| Stored entries |
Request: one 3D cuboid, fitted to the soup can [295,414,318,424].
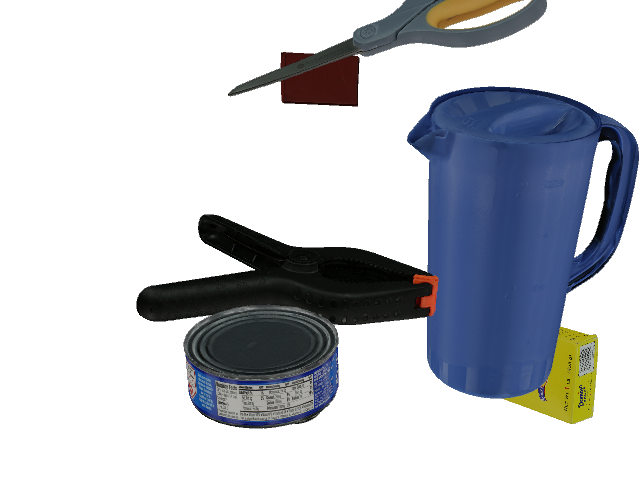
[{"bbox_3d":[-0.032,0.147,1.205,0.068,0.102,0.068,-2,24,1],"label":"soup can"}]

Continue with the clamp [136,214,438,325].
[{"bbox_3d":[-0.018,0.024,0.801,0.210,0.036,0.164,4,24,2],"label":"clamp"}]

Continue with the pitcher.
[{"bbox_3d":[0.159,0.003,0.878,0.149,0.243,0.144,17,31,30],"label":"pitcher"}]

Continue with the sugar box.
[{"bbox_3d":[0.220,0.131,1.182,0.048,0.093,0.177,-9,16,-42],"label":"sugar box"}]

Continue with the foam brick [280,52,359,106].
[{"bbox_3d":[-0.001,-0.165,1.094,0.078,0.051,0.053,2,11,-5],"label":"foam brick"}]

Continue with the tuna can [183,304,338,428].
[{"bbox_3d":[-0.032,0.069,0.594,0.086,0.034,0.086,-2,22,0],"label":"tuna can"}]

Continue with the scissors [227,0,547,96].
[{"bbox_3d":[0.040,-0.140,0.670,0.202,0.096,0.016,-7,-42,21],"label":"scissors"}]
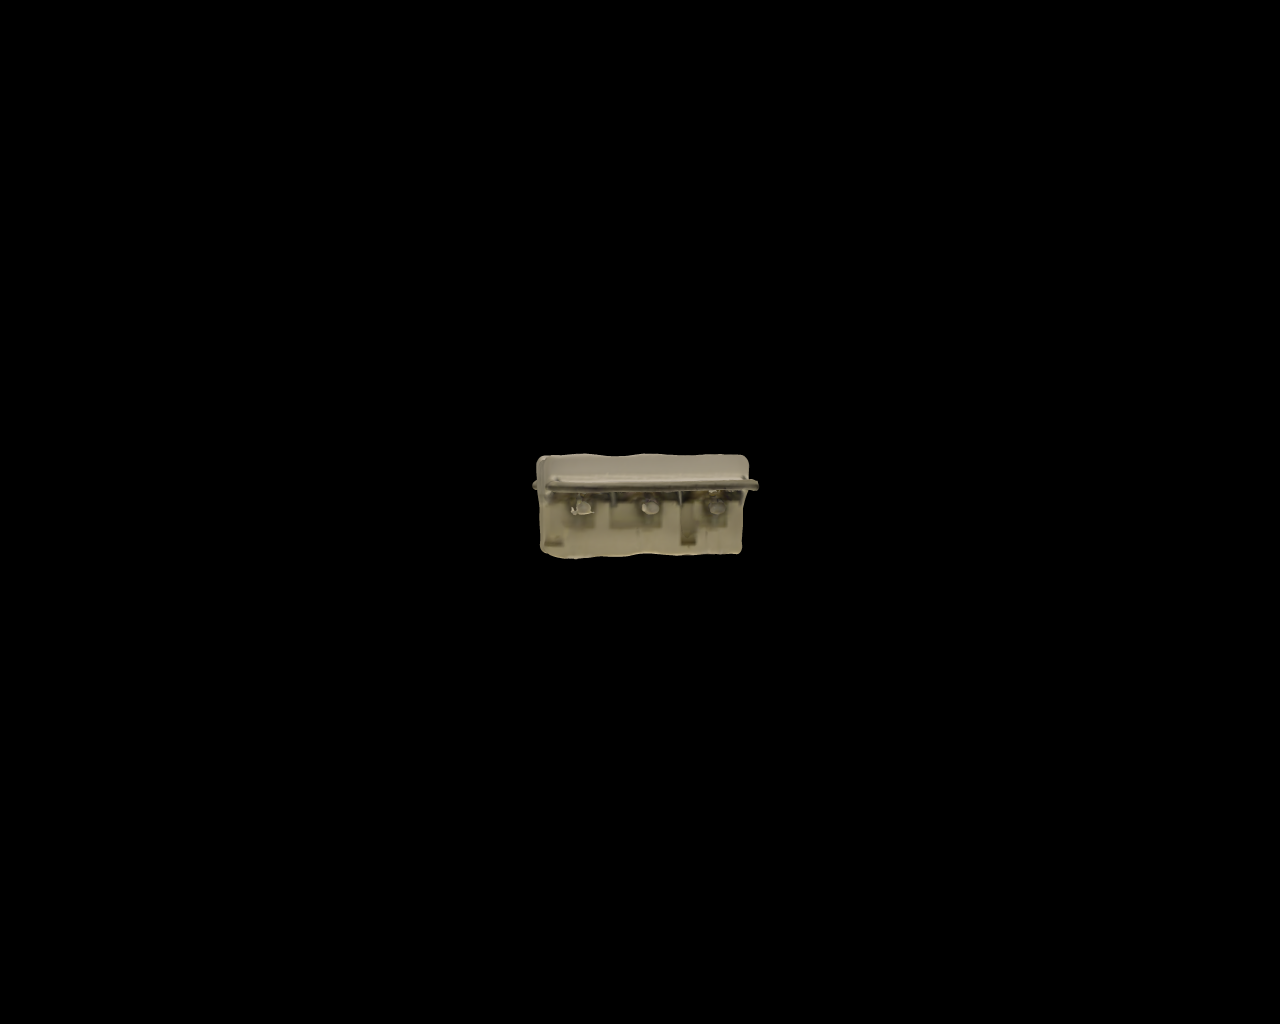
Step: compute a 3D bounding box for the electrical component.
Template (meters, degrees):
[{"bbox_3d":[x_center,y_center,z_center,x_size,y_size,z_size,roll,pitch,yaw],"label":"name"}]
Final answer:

| Problem |
Could you reproduce the records above exactly, leaving out every picture?

| Task result |
Request: one 3D cuboid, fitted to the soup can [295,414,318,424].
[{"bbox_3d":[-0.032,0.147,1.205,0.068,0.102,0.068,-2,24,1],"label":"soup can"}]

Continue with the clamp [136,214,438,325].
[{"bbox_3d":[-0.018,0.024,0.801,0.210,0.036,0.164,4,24,2],"label":"clamp"}]

Continue with the pitcher.
[{"bbox_3d":[0.159,0.003,0.878,0.149,0.243,0.144,17,31,30],"label":"pitcher"}]

Continue with the sugar box.
[{"bbox_3d":[0.220,0.131,1.182,0.048,0.093,0.177,-9,16,-42],"label":"sugar box"}]

Continue with the foam brick [280,52,359,106].
[{"bbox_3d":[-0.001,-0.165,1.094,0.078,0.051,0.053,2,11,-5],"label":"foam brick"}]

Continue with the tuna can [183,304,338,428].
[{"bbox_3d":[-0.032,0.069,0.594,0.086,0.034,0.086,-2,22,0],"label":"tuna can"}]

Continue with the scissors [227,0,547,96].
[{"bbox_3d":[0.040,-0.140,0.670,0.202,0.096,0.016,-7,-42,21],"label":"scissors"}]
Step: compute a 3D bounding box for the electrical component.
Template (meters, degrees):
[{"bbox_3d":[x_center,y_center,z_center,x_size,y_size,z_size,roll,pitch,yaw],"label":"name"}]
Final answer:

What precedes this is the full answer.